Article by KevW
The music press, right from global brands down to the smallest blogs or free publications, are often guilty of over-hyping bands after a couple of impressive singles, only for the resulting album to not live up to expectations. This can be due to labels rushing groups for material to ride the crest of the wave, because the pressure is so much that the band in question feel the heat and buckle under the weight, or simply because, sometimes, we all get a bit carried away. Glasgow's The Deadline Shakes have been subjected to plenty of excitable reactions, not least from us, since they released the utterly sublime 'Bright Spot In A Bad Year' single two years ago. That track was a wondrous amalgamation of several decades of pop music and truly impressed. It's also a rerecorded (and even better) version of that song that opens up anticipated first LP 'Zealots'. How do you go about completing an album when such a high-water mark it stuck right at the start?
If you're The Deadline Shakes then you just keep on doing what you do best: taking classic rock, pop and indie music, whacking it all into a blender with some addictive melodies, beautiful arrangements. great production and a sprinkling of gold dust. Plus, if you've followed the band for a while then you'll know that they've come up with the goods at every turn so far. The string-filled, '70s-sounding 'Slipping From Your Heart' takes the approach mentioned above and turns out a delight of a song that isn't like any other groups currently doing the rounds. The attention to detail and the structure are amazing and unique. 'Sweeten The Deal' still comes over as rampant experimental guitar-pop that's full of fun, 'Phonecalls In The Bath' is the perfect vehicle for Greg Dingwall's splendid voice and is flooded with emotion and more of those glorious arrangements, and recent single 'Frozen Out' possess magical qualities that occasionally bring to mind 'Pet Sounds'-era Beach Boys.
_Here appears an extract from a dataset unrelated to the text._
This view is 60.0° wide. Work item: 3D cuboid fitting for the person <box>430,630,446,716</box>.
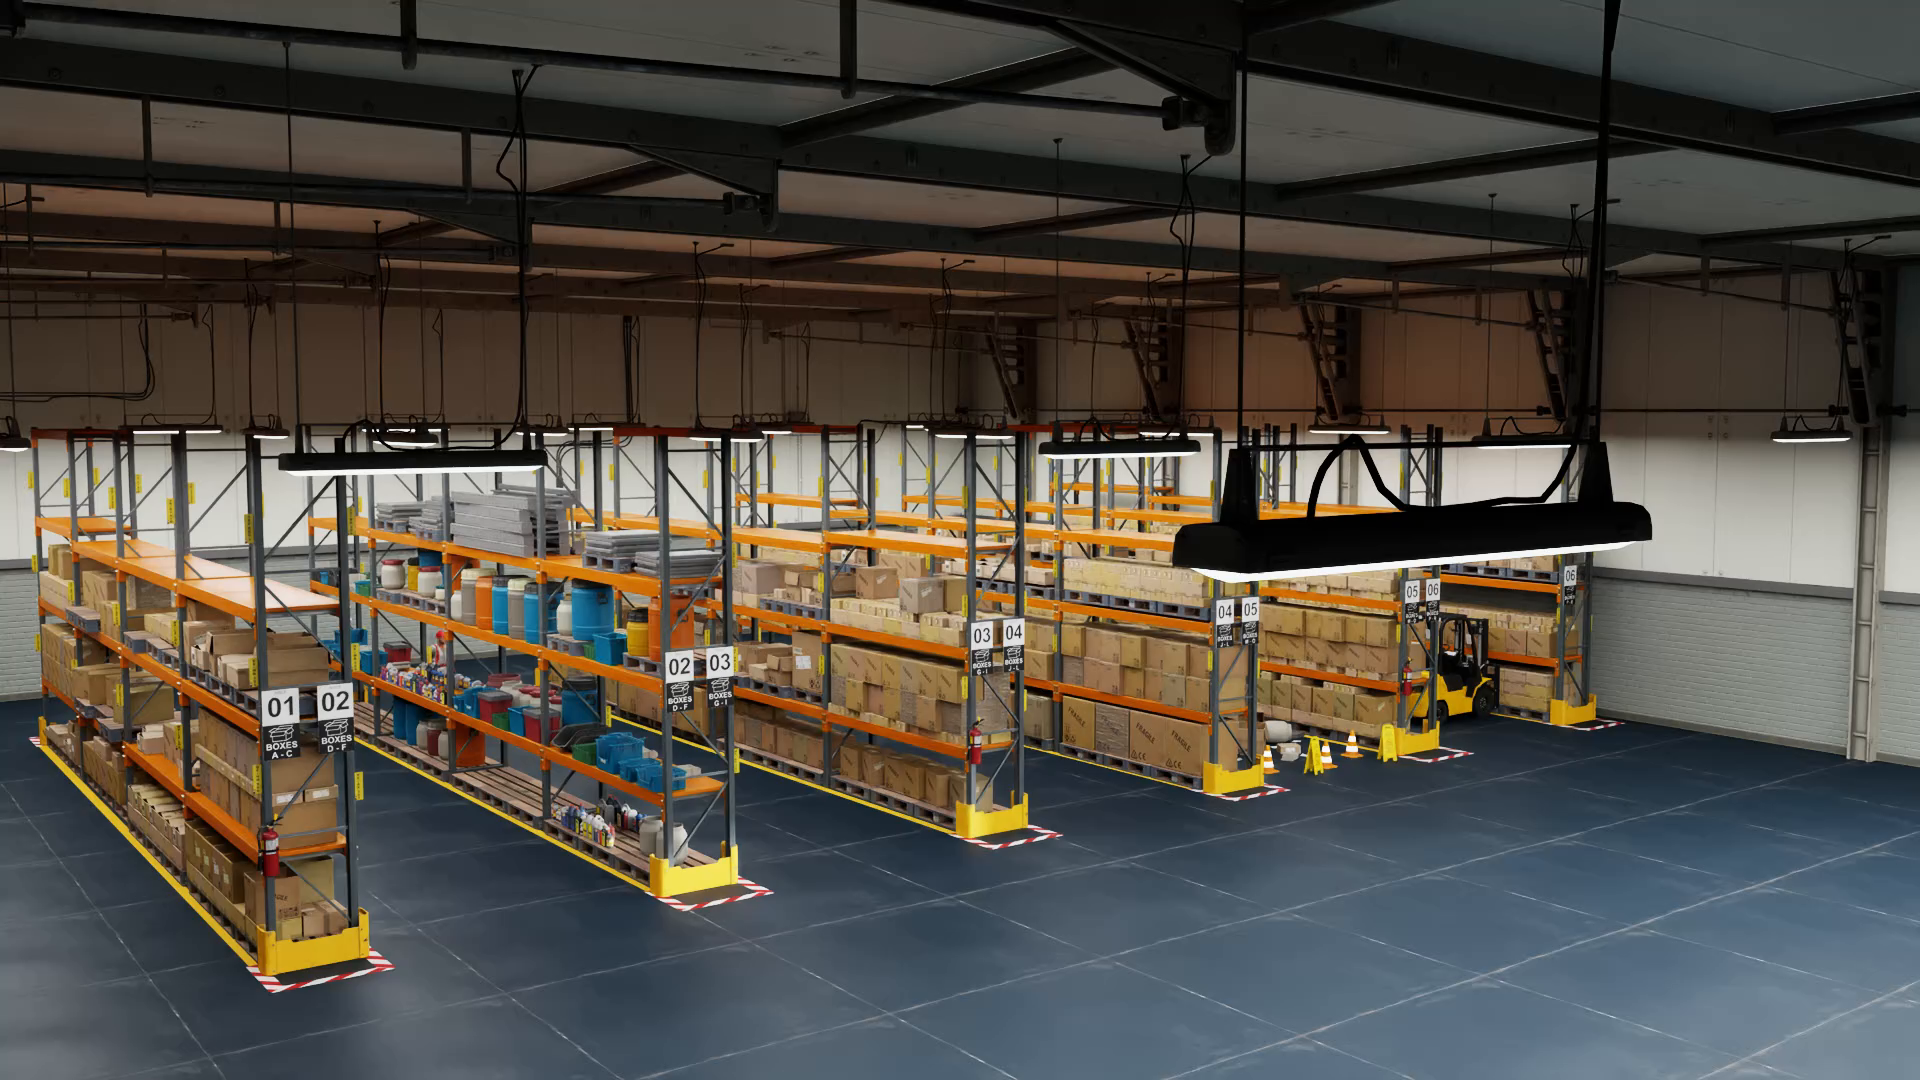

In a way, The Deadline Shakes shouldn't work as well as they do. The '60s pop of bands like The Byrds and The Beatles, as well as classic indiepop, might be deemed suitable reference points, but ELO and Queen have never been particularly cool, especially the latter, although if you look past the novelty hits they had some great tunes hidden away on their early albums. With ELO recently back in the spotlight thanks to a new album and tour, they seem to have undergone a reappraisal though. The chorus to 'Shelters' could be lifted from one of their better known songs - if it had been covered by Sparks that is. In a way it sums up what this band are all about; normal song structures are thrown out of the window and replaced by music that drifts, shifts, and seems to have just teleported in from a fantasy land where you can go from '70s rock guitar bursts to delicate harmonious pieces in the space of a single track.
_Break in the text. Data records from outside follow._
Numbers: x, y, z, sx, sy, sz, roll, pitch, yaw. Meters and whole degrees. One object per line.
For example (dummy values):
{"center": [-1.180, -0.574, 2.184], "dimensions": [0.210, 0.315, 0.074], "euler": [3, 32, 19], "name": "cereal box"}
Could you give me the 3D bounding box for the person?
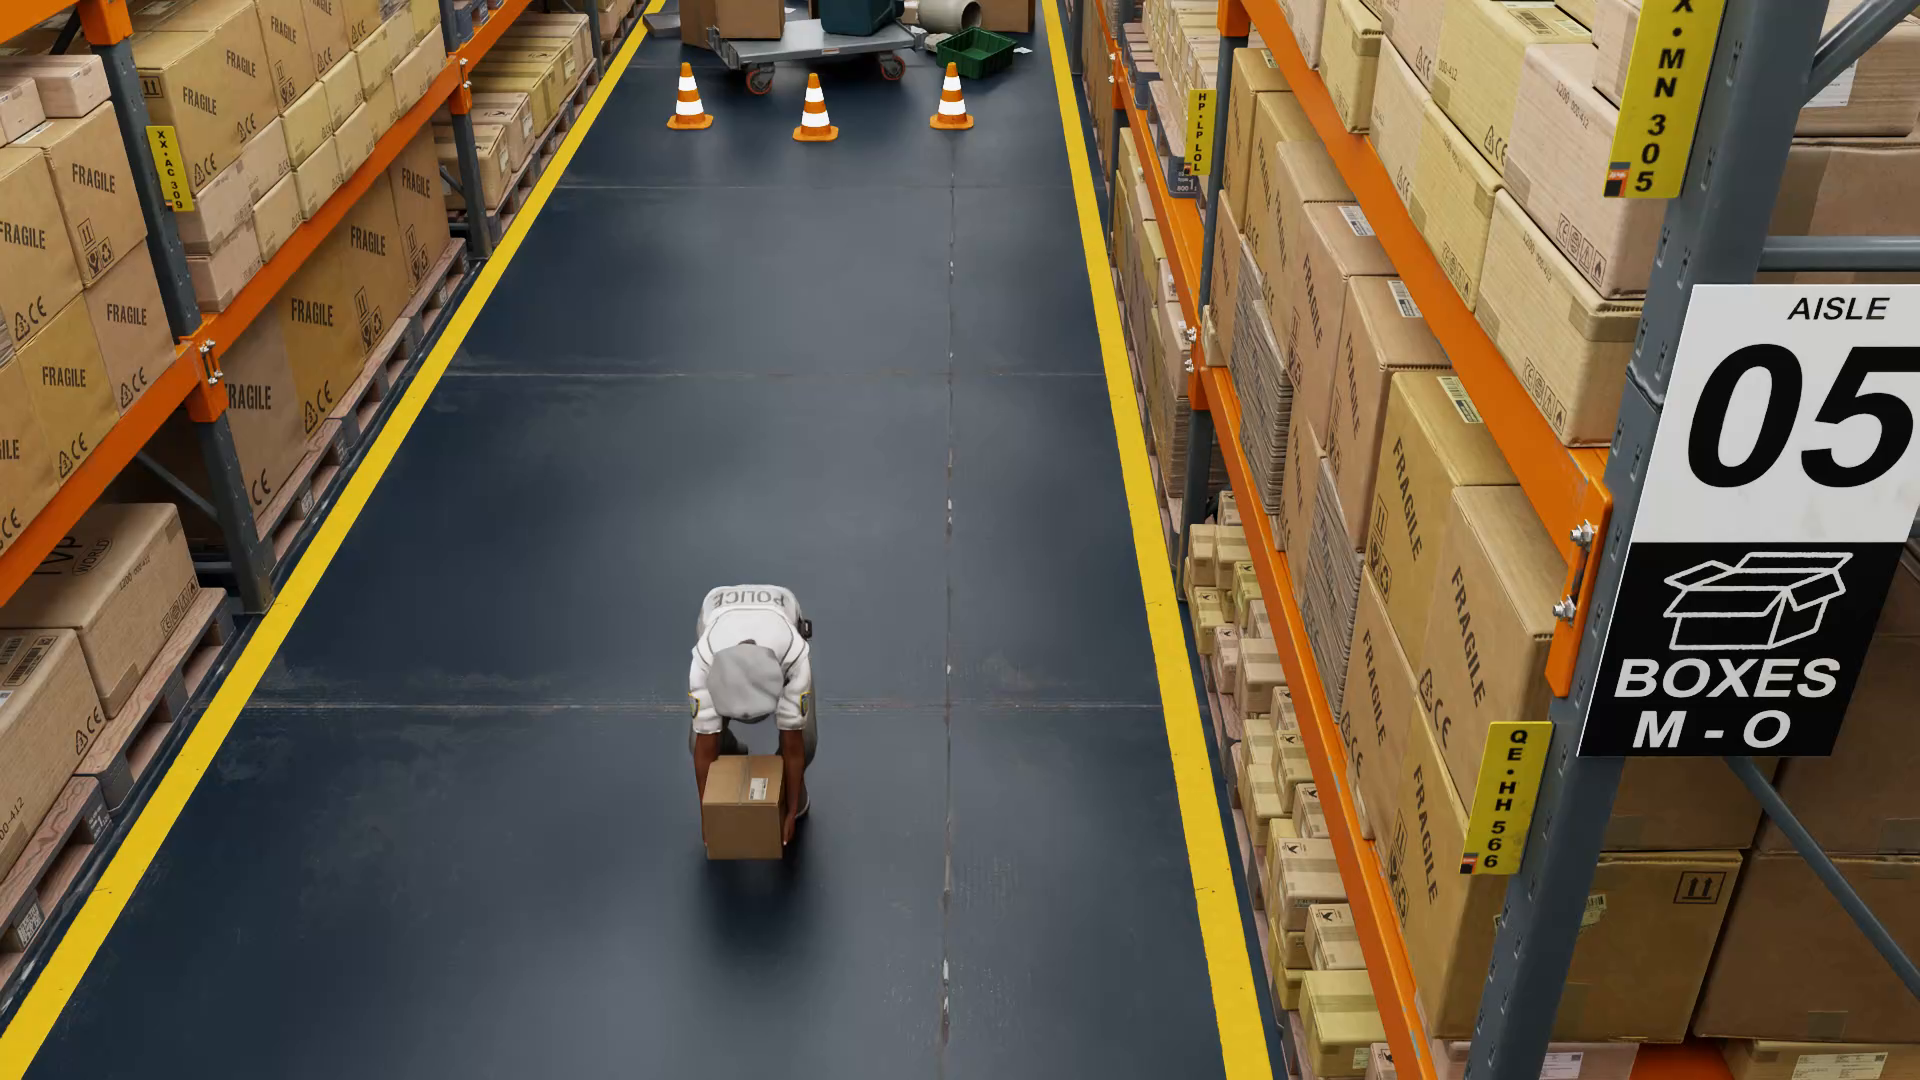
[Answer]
{"center": [-0.730, 0.601, 5.821], "dimensions": [0.457, 0.977, 0.916], "euler": [-1, 32, -2], "name": "person"}

Adding crestfallen but gorgeous female vocals to the brief lament 'When Will I Ever Learn?' only makes the song more affecting, and the similarly short and tender 'You're Coming With Me' creates a similar atmosphere with some stirring strings. 'You Bring The Class' is the same kind of era-spanning, intricate alternative pop music that Guillimots have been attempting to make for the past decade or so, and its not the only time that 'Zealots' recalls that band, but where Guillimots have always been hit and miss, The Deadline Shakes dish up hit after hit. With 'A Little While Waiting' they almost toy with convention, but by halfway through it's gone off on a tangent without you even noticing. As disjointed as these songs may seem on paper, the transitions are always effortless. The secret to The Deadline Shakes' success is captured by the title of the song another former single 'Don't Be Too Cool', where we're left to wonder how anyone can take a combination of Guillimots, ABBA, Belle & Sebastian and Queen and not have the resulting track sound like a dog's dinner.
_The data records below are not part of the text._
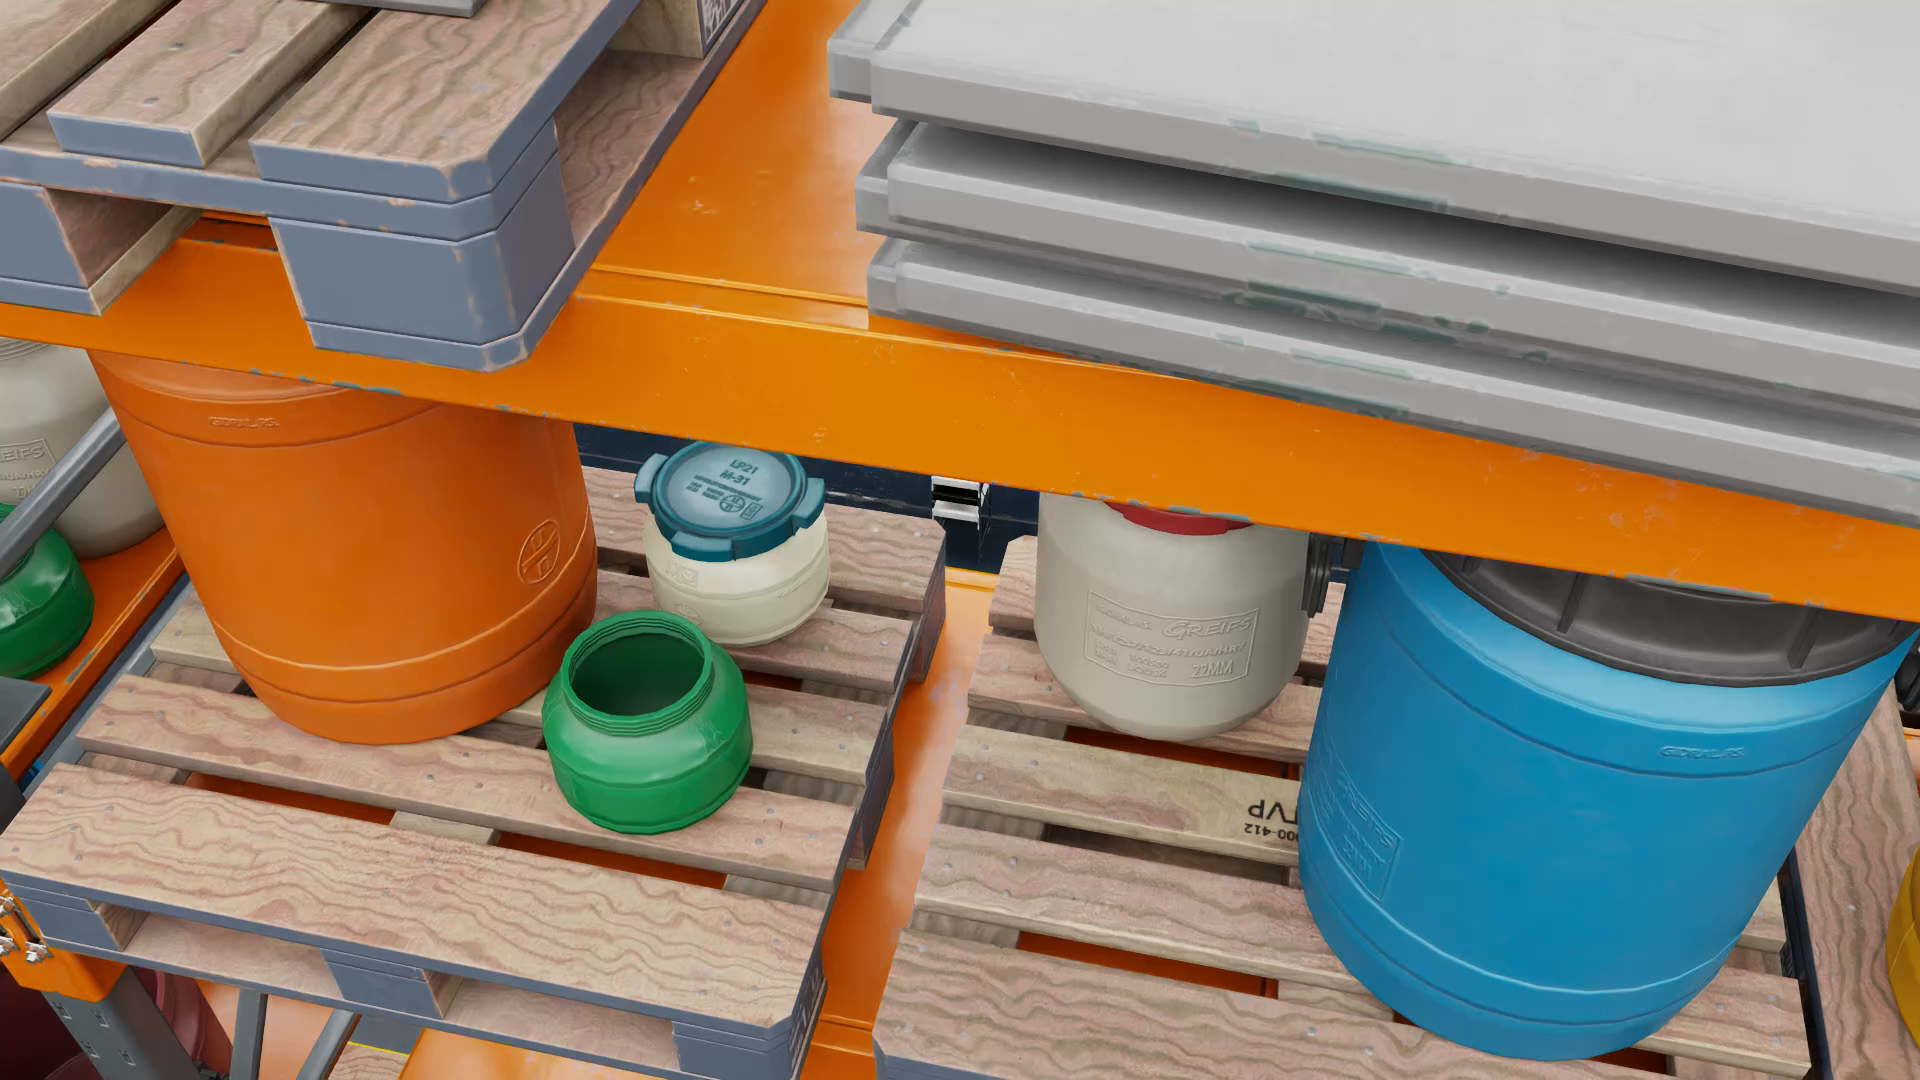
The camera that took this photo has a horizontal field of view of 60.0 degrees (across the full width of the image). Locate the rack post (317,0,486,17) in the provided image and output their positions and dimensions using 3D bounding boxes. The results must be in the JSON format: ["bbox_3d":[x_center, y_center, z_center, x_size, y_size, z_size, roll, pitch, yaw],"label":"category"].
[{"bbox_3d":[-0.722,-0.930,1.742,0.937,0.300,0.954,9,45,9],"label":"rack post"}]

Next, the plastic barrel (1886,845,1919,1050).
[{"bbox_3d":[1.530,0.427,2.002,0.600,0.588,0.600,0,44,0],"label":"plastic barrel"}]

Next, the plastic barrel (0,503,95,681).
[{"bbox_3d":[-1.690,0.095,2.898,0.294,0.245,0.294,0,44,0],"label":"plastic barrel"}]

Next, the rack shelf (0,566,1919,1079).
[{"bbox_3d":[0.514,0.604,2.776,4.000,0.370,1.077,9,45,9],"label":"rack shelf"}]

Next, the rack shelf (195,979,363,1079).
[{"bbox_3d":[-3.390,1.079,4.445,4.000,0.370,1.077,9,45,9],"label":"rack shelf"}]

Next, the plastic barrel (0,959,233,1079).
[{"bbox_3d":[-1.957,1.208,3.694,0.708,0.536,0.600,9,45,9],"label":"plastic barrel"}]

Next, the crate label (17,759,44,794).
[{"bbox_3d":[-2.349,0.776,4.215,0.616,0.435,0.502,9,45,9],"label":"crate label"}]

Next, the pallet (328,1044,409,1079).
[{"bbox_3d":[-2.186,1.983,4.997,1.213,0.211,1.003,9,45,9],"label":"pallet"}]

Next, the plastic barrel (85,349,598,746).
[{"bbox_3d":[-0.885,-0.177,2.455,0.708,0.830,0.600,9,45,9],"label":"plastic barrel"}]

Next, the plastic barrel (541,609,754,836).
[{"bbox_3d":[-0.454,0.262,2.421,0.294,0.245,0.294,0,44,0],"label":"plastic barrel"}]

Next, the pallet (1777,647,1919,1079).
[{"bbox_3d":[1.679,0.663,2.332,1.003,0.211,1.213,9,45,9],"label":"pallet"}]

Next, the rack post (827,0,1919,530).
[{"bbox_3d":[0.462,-0.474,1.574,0.954,0.300,0.937,13,45,13],"label":"rack post"}]

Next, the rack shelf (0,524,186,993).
[{"bbox_3d":[-3.390,-0.002,3.405,4.000,0.370,1.077,9,45,9],"label":"rack shelf"}]

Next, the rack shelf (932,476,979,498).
[{"bbox_3d":[0.008,-0.299,6.920,0.200,0.077,0.258,9,45,9],"label":"rack shelf"}]

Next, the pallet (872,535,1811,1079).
[{"bbox_3d":[0.572,0.493,2.508,1.213,0.211,1.003,9,45,9],"label":"pallet"}]

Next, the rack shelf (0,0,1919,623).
[{"bbox_3d":[0.514,-0.333,1.874,4.000,0.370,1.077,9,45,9],"label":"rack shelf"}]

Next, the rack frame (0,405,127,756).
[{"bbox_3d":[-1.438,-1.039,1.801,0.127,3.000,1.000,9,45,9],"label":"rack frame"}]

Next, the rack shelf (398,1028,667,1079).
[{"bbox_3d":[0.514,1.684,3.816,4.000,0.370,1.077,9,45,9],"label":"rack shelf"}]

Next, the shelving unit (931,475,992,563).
[{"bbox_3d":[0.008,-0.323,6.897,0.210,0.900,0.258,9,45,9],"label":"shelving unit"}]

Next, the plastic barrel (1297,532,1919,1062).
[{"bbox_3d":[0.766,0.160,2.053,0.708,0.901,0.600,9,45,9],"label":"plastic barrel"}]

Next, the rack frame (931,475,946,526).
[{"bbox_3d":[-0.091,-0.338,6.913,0.006,0.900,0.240,9,45,9],"label":"rack frame"}]

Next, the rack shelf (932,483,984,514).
[{"bbox_3d":[0.008,-0.234,6.982,0.200,0.077,0.258,9,45,9],"label":"rack shelf"}]

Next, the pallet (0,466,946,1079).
[{"bbox_3d":[-0.713,0.292,2.717,1.213,0.211,1.003,9,45,9],"label":"pallet"}]

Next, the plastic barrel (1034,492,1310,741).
[{"bbox_3d":[0.325,0.008,2.475,0.433,0.535,0.433,0,44,0],"label":"plastic barrel"}]

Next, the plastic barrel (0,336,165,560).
[{"bbox_3d":[-1.674,-0.253,3.066,0.421,0.512,0.421,0,44,0],"label":"plastic barrel"}]

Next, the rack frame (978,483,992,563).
[{"bbox_3d":[0.107,-0.308,6.881,0.006,0.900,0.240,9,45,9],"label":"rack frame"}]

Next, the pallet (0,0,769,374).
[{"bbox_3d":[-0.741,-0.697,1.870,1.003,0.211,1.213,9,45,9],"label":"pallet"}]

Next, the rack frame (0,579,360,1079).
[{"bbox_3d":[-1.438,1.122,3.881,0.127,3.000,1.000,9,45,9],"label":"rack frame"}]

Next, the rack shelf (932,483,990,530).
[{"bbox_3d":[0.008,-0.169,7.045,0.200,0.077,0.258,9,45,9],"label":"rack shelf"}]

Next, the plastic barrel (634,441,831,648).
[{"bbox_3d":[-0.360,0.003,2.678,0.301,0.262,0.301,0,44,0],"label":"plastic barrel"}]

'Zealots', simply put, is an album that doesn't fit any trends, either old or new. It inhabits its own space where the only rule is that there are no rules and shows that the most unlikely of combinations can fit with stunning results in the right hands. This is brimming with more ideas than most bands will produce in a lifetime, and they're fully realised here. It may be wrong to get too excited about a band after only a couple of songs have been released, but The Deadline Shakes have proven that's not always the case. In fact, they've gone beyond that hype and surpassed expectations. 'Zealots' should be heralded as a classic debut album, and that's not an exaggeration. "Who can tell if you're gonna build it to last?" is a question posed on typically grandiose and eclectic finale, a new version of early recording 'Boy'. Well, predicting the future, especially in music, is a tricky business, but these thirteen songs have given us every right to consider The Deadline Shakes one of the best new bands in the country.